A cultura contemporânea, particularmente nos grandes centros urbanos, promove
– por exemplo – uma erotização genital no universo da infância (através, por
exemplo, da sociedade de consumo e da mídia ) que propicia a oportunidade de
um adolescer mais precoce e, por conseqüência um “encurtamento” ou uma
“turbulência” no período de latência. Os processos psíquicos da adolescência,
desencadeados antes da à puberdade, tumultuam o período de latência, levando
a dificuldades de aprendizado e na organização de aspectos éticos e morais.
Freud (1905) é explicito quanto aos aspectos das “influências externas” sobre a
latência, ao escrever “...a experiência mostrou ainda que as influências externas
de sedução são capazes de provocar interrupções do período de latência ou
mesmo seu término, e que, nesse sentido, o instinto sexual das crianças se revela
na verdade perverso e polimorfo; parece, além do mais, que qualquer atividade
sexual prematura diminui a educabilidade da criança”. A “sedução” vista hoje não
só como acontecendo no espaço doméstico, mas, também, como interferência da
cultura e da sociedade.
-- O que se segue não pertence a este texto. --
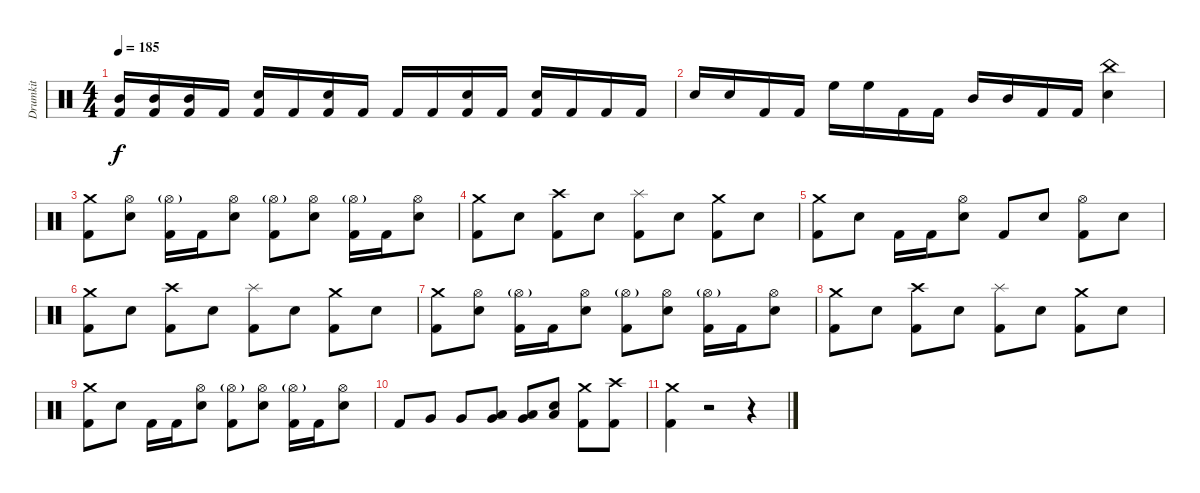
\track ("Drumkit" "Drumkit") {instrument percussion}
\staff {score}
\articulation defaults
\ts (4 4)
\tempo 185
\clef neutral
\ks c
("Mid Tom (hit)" "Kick (hit) 2").16{dy f} ("Mid Tom (hit)" "Kick (hit) 2").16 ("Mid Tom (hit)" "Kick (hit) 2").16 "Kick (hit) 2".16 ("Snare (hit) 2" "Kick (hit) 2").16 "Kick (hit) 2".16 ("Snare (hit) 2" "Kick (hit) 2").16 "Kick (hit) 2".16 "Kick (hit) 2".16 "Kick (hit) 2".16 ("Snare (hit) 2" "Kick (hit) 2").16 "Kick (hit) 2".16 ("Snare (hit) 2" "Kick (hit) 2").16 "Kick (hit) 2".16 "Kick (hit) 2".16 "Kick (hit) 2".16 |
"Snare (hit) 2".16 "Snare (hit) 2".16 "Kick (hit) 2".16 "Kick (hit) 2".16 "High Floor Tom (hit)".16 "High Floor Tom (hit)".16 "Kick (hit) 2".16 "Kick (hit) 2".16 "Mid Tom (hit)".16 "Mid Tom (hit)".16 "Kick (hit) 2".16 "Kick (hit) 2".16 ("China (hit)" "Snare (hit) 2").4 |
("Crash medium (hit)" "Kick (hit) 2").8 ("Hi-Hat (open)" "Snare (hit) 2").8 ("Hi-Hat (open)"{g} "Kick (hit) 2").16 "Kick (hit) 2".16 ("Hi-Hat (open)" "Snare (hit) 2").8 ("Hi-Hat (open)"{g} "Kick (hit) 2").8 ("Hi-Hat (open)" "Snare (hit) 2").8 ("Hi-Hat (open)"{g} "Kick (hit) 2").16 "Kick (hit) 2".16 ("Hi-Hat (open)" "Snare (hit) 2").8 |
("Crash medium (hit)" "Kick (hit) 2").8 "Snare (hit) 2".8 ("Crash high (hit)" "Kick (hit) 2").8 "Snare (hit) 2".8 ("Splash (hit)" "Kick (hit) 2").8 "Snare (hit) 2".8 ("Crash medium (hit)" "Kick (hit) 2").8 "Snare (hit) 2".8 |
("Crash medium (hit)" "Kick (hit) 2").8 "Snare (hit) 2".8 "Kick (hit) 2".16 "Kick (hit) 2".16 ("Hi-Hat (open)" "Snare (hit) 2").8 "Kick (hit) 2".8 "Snare (hit) 2".8 ("Hi-Hat (open)" "Kick (hit) 2").8 "Snare (hit) 2".8 |
("Crash medium (hit)" "Kick (hit) 2").8 "Snare (hit) 2".8 ("Crash high (hit)" "Kick (hit) 2").8 "Snare (hit) 2".8 ("Splash (hit)" "Kick (hit) 2").8 "Snare (hit) 2".8 ("Crash medium (hit)" "Kick (hit) 2").8 "Snare (hit) 2".8 |
("Crash medium (hit)" "Kick (hit) 2").8 ("Hi-Hat (open)" "Snare (hit) 2").8 ("Hi-Hat (open)"{g} "Kick (hit) 2").16 "Kick (hit) 2".16 ("Hi-Hat (open)" "Snare (hit) 2").8 ("Hi-Hat (open)"{g} "Kick (hit) 2").8 ("Hi-Hat (open)" "Snare (hit) 2").8 ("Hi-Hat (open)"{g} "Kick (hit) 2").16 "Kick (hit) 2".16 ("Hi-Hat (open)" "Snare (hit) 2").8 |
("Crash medium (hit)" "Kick (hit) 2").8 "Snare (hit) 2".8 ("Crash high (hit)" "Kick (hit) 2").8 "Snare (hit) 2".8 ("Splash (hit)" "Kick (hit) 2").8 "Snare (hit) 2".8 ("Crash medium (hit)" "Kick (hit) 2").8 "Snare (hit) 2".8 |
("Crash medium (hit)" "Kick (hit) 2").8 "Snare (hit) 2".8 "Kick (hit) 2".16 "Kick (hit) 2".16 ("Hi-Hat (open)" "Snare (hit) 2").8 ("Hi-Hat (open)"{g} "Kick (hit) 2").8 ("Hi-Hat (open)" "Snare (hit) 2").8 ("Hi-Hat (open)"{g} "Kick (hit) 2").16 "Kick (hit) 2".16 ("Hi-Hat (open)" "Snare (hit) 2").8 |
"Kick (hit) 2".8 "Very Low Tom (hit)".8 "Very Low Tom (hit)".8 ("Low Floor Tom (hit)" "Very Low Tom (hit)").8 ("Low Floor Tom (hit)" "Very Low Tom (hit)").8 ("Low Floor Tom (hit)" "Snare (hit) 2").8 ("Crash medium (hit)" "Kick (hit) 2").8 ("Crash high (hit)" "Kick (hit) 2").8 |
("Crash medium (hit)" "Kick (hit) 2").4 r.2 r.4

Quando escrevo “cultura contemporânea” me refiro,
evidentemente, e no caso específico de crianças e adolescentes, não apenas à
sociedade em geral, mas, também, às estruturas familiares.

Comentários
Essas considerações que trago para a discussão, buscando as contribuições
freudianas, me levam a pensar que várias configurações clínicas que observamos
hoje podem ter relação com as rápidas e bruscas mudanças da cultura.
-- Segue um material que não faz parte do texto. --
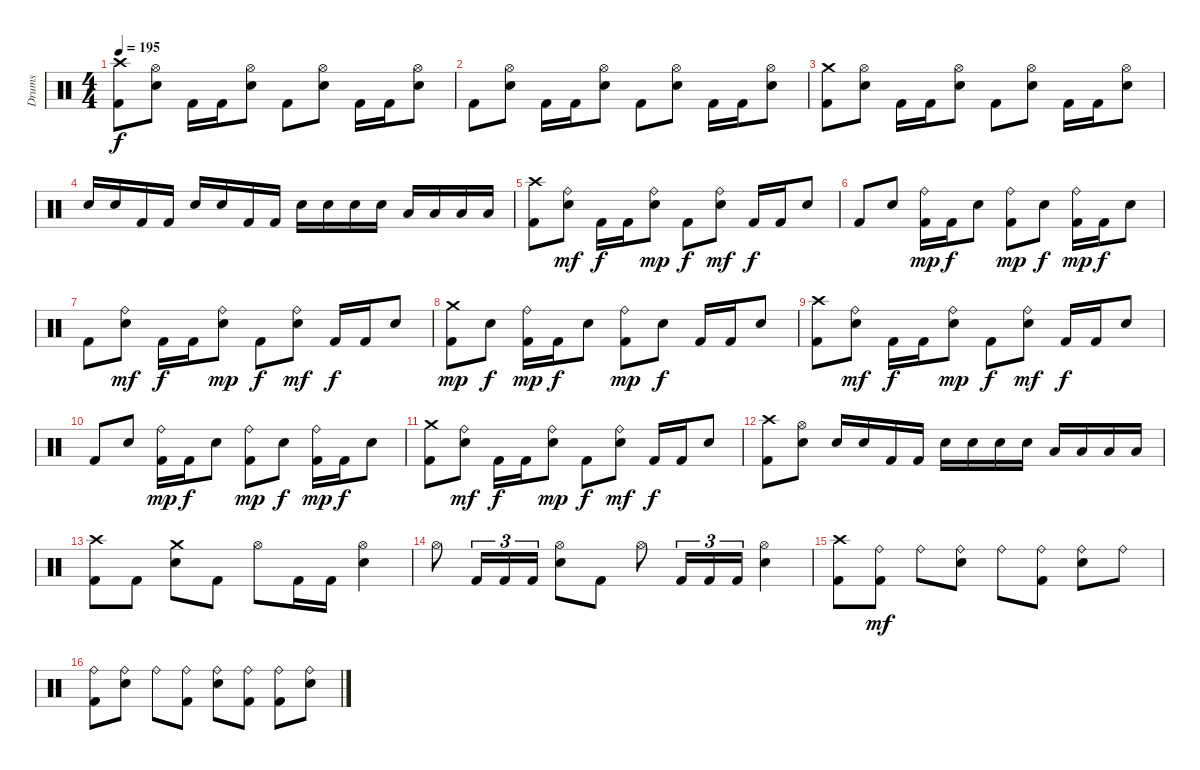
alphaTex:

\track ("Drums" "Drums") {instrument percussion}
\staff {score}
\articulation defaults
\ts (4 4)
\tempo 195
\clef neutral
\ks c
("Crash high (hit)" "Kick (hit) 2").8{dy f} ("Hi-Hat (open)" "Electric Snare (hit)").8 "Kick (hit) 2".16 "Kick (hit) 2".16 ("Hi-Hat (open)" "Electric Snare (hit)").8 "Kick (hit) 2".8 ("Hi-Hat (open)" "Electric Snare (hit)").8 "Kick (hit) 2".16 "Kick (hit) 2".16 ("Hi-Hat (open)" "Electric Snare (hit)").8 |
"Kick (hit) 2".8 ("Hi-Hat (open)" "Electric Snare (hit)").8 "Kick (hit) 2".16 "Kick (hit) 2".16 ("Hi-Hat (open)" "Electric Snare (hit)").8 "Kick (hit) 2".8 ("Hi-Hat (open)" "Electric Snare (hit)").8 "Kick (hit) 2".16 "Kick (hit) 2".16 ("Hi-Hat (open)" "Electric Snare (hit)").8 |
("Crash medium (hit)" "Kick (hit) 2").8 ("Hi-Hat (open)" "Electric Snare (hit)").8 "Kick (hit) 2".16 "Kick (hit) 2".16 ("Hi-Hat (open)" "Electric Snare (hit)").8 "Kick (hit) 2".8 ("Hi-Hat (open)" "Electric Snare (hit)").8 "Kick (hit) 2".16 "Kick (hit) 2".16 ("Hi-Hat (open)" "Electric Snare (hit)").8 |
"Electric Snare (hit)".16 "Electric Snare (hit)".16 "Kick (hit) 2".16 "Kick (hit) 2".16 "Electric Snare (hit)".16 "Electric Snare (hit)".16 "Kick (hit) 2".16 "Kick (hit) 2".16 "Electric Snare (hit)".16 "Electric Snare (hit)".16 "Electric Snare (hit)".16 "Electric Snare (hit)".16 "Low Tom (hit)".16 "Low Tom (hit)".16 "Low Tom (hit)".16 "Low Tom (hit)".16 |
("Crash high (hit)" "Kick (hit) 2").8 ("Ride (bell)" "Electric Snare (hit)").8{dy mf} "Kick (hit) 2".16{dy f} "Kick (hit) 2".16 ("Ride (bell)" "Electric Snare (hit)").8{dy mp} "Kick (hit) 2".8{dy f} ("Ride (bell)" "Electric Snare (hit)").8{dy mf} "Kick (hit) 2".16{dy f} "Kick (hit) 2".16 "Electric Snare (hit)".8 |
"Kick (hit) 2".8 "Electric Snare (hit)".8 ("Ride (bell)" "Kick (hit) 2").16{dy mp} "Kick (hit) 2".16{dy f} "Electric Snare (hit)".8 ("Ride (bell)" "Kick (hit) 2").8{dy mp} "Electric Snare (hit)".8{dy f} ("Ride (bell)" "Kick (hit) 2").16{dy mp} "Kick (hit) 2".16{dy f} "Electric Snare (hit)".8 |
"Kick (hit) 2".8 ("Ride (bell)" "Electric Snare (hit)").8{dy mf} "Kick (hit) 2".16{dy f} "Kick (hit) 2".16 ("Ride (bell)" "Electric Snare (hit)").8{dy mp} "Kick (hit) 2".8{dy f} ("Ride (bell)" "Electric Snare (hit)").8{dy mf} "Kick (hit) 2".16{dy f} "Kick (hit) 2".16 "Electric Snare (hit)".8 |
("Crash medium (hit)" "Kick (hit) 2").8{dy mp} "Electric Snare (hit)".8{dy f} ("Ride (bell)" "Kick (hit) 2").16{dy mp} "Kick (hit) 2".16{dy f} "Electric Snare (hit)".8 ("Ride (bell)" "Kick (hit) 2").8{dy mp} "Electric Snare (hit)".8{dy f} "Kick (hit) 2".16 "Kick (hit) 2".16 "Electric Snare (hit)".8 |
("Crash high (hit)" "Kick (hit) 2").8 ("Ride (bell)" "Electric Snare (hit)").8{dy mf} "Kick (hit) 2".16{dy f} "Kick (hit) 2".16 ("Ride (bell)" "Electric Snare (hit)").8{dy mp} "Kick (hit) 2".8{dy f} ("Ride (bell)" "Electric Snare (hit)").8{dy mf} "Kick (hit) 2".16{dy f} "Kick (hit) 2".16 "Electric Snare (hit)".8 |
"Kick (hit) 2".8 "Electric Snare (hit)".8 ("Ride (bell)" "Kick (hit) 2").16{dy mp} "Kick (hit) 2".16{dy f} "Electric Snare (hit)".8 ("Ride (bell)" "Kick (hit) 2").8{dy mp} "Electric Snare (hit)".8{dy f} ("Ride (bell)" "Kick (hit) 2").16{dy mp} "Kick (hit) 2".16{dy f} "Electric Snare (hit)".8 |
("Crash medium (hit)" "Kick (hit) 2").8 ("Ride (bell)" "Electric Snare (hit)").8{dy mf} "Kick (hit) 2".16{dy f} "Kick (hit) 2".16 ("Ride (bell)" "Electric Snare (hit)").8{dy mp} "Kick (hit) 2".8{dy f} ("Ride (bell)" "Electric Snare (hit)").8{dy mf} "Kick (hit) 2".16{dy f} "Kick (hit) 2".16 "Electric Snare (hit)".8 |
("Crash high (hit)" "Kick (hit) 2").8 ("Hi-Hat (open)" "Electric Snare (hit)").8 "Electric Snare (hit)".16 "Electric Snare (hit)".16 "Kick (hit) 2".16 "Kick (hit) 2".16 "Electric Snare (hit)".16 "Electric Snare (hit)".16 "Electric Snare (hit)".16 "Electric Snare (hit)".16 "Low Tom (hit)".16 "Low Tom (hit)".16 "Low Tom (hit)".16 "Low Tom (hit)".16 |
("Crash high (hit)" "Kick (hit) 2").8 "Kick (hit) 2".8 ("Crash medium (hit)" "Electric Snare (hit)").8 "Kick (hit) 2".8 "Hi-Hat (open)".8 "Kick (hit) 2".16 "Kick (hit) 2".16 ("Hi-Hat (open)" "Electric Snare (hit)").4 |
"Hi-Hat (open)".8 "Kick (hit) 2".16{tu (3 2)} "Kick (hit) 2".16{tu (3 2)} "Kick (hit) 2".16{tu (3 2)} ("Hi-Hat (open)" "Electric Snare (hit)").8 "Kick (hit) 2".8 "Hi-Hat (open)".8 "Kick (hit) 2".16{tu (3 2)} "Kick (hit) 2".16{tu (3 2)} "Kick (hit) 2".16{tu (3 2)} ("Hi-Hat (open)" "Electric Snare (hit)").4 |
("Crash high (hit)" "Kick (hit) 2").8 ("Ride (bell)" "Kick (hit) 2").8{dy mf} "Ride (bell)".8 ("Ride (bell)" "Electric Snare (hit)").8 "Ride (bell)".8 ("Ride (bell)" "Kick (hit) 2").8 ("Ride (bell)" "Electric Snare (hit)").8 "Ride (bell)".8 |
("Ride (bell)" "Kick (hit) 2").8 ("Ride (bell)" "Electric Snare (hit)").8 "Ride (bell)".8 ("Ride (bell)" "Kick (hit) 2").8 ("Ride (bell)" "Electric Snare (hit)").8 ("Ride (bell)" "Kick (hit) 2").8 ("Ride (bell)" "Kick (hit) 2").8 ("Ride (bell)" "Electric Snare (hit)").8

É possível, e não estou sendo original nessa idéia, de que estamos presenciando
uma pressão para a “desinvenção” de uma parte importante da infância, no caso
específico o “período de latência”. Para uma outra ocasião, mas no mesmo
sentido, poderá ser interessante discutir a expansão da adolescência que produz
o fenômeno da “adultescência”, condição que revela o desejo de uma parte
importante do mundo adulto, ocidental, urbano e contemporâneo, de “ser” ou ao
menos “parecer ser” adolescente. A mídia refere também aos “kidadults”,
indivíduos que cronologicamente são adultos, mas buscar vestir-se e portar-se
como crianças. Faltará, dessa maneira, adultos com que os adolescentes possam
estabelecer suas necessárias (e estruturantes) identificações.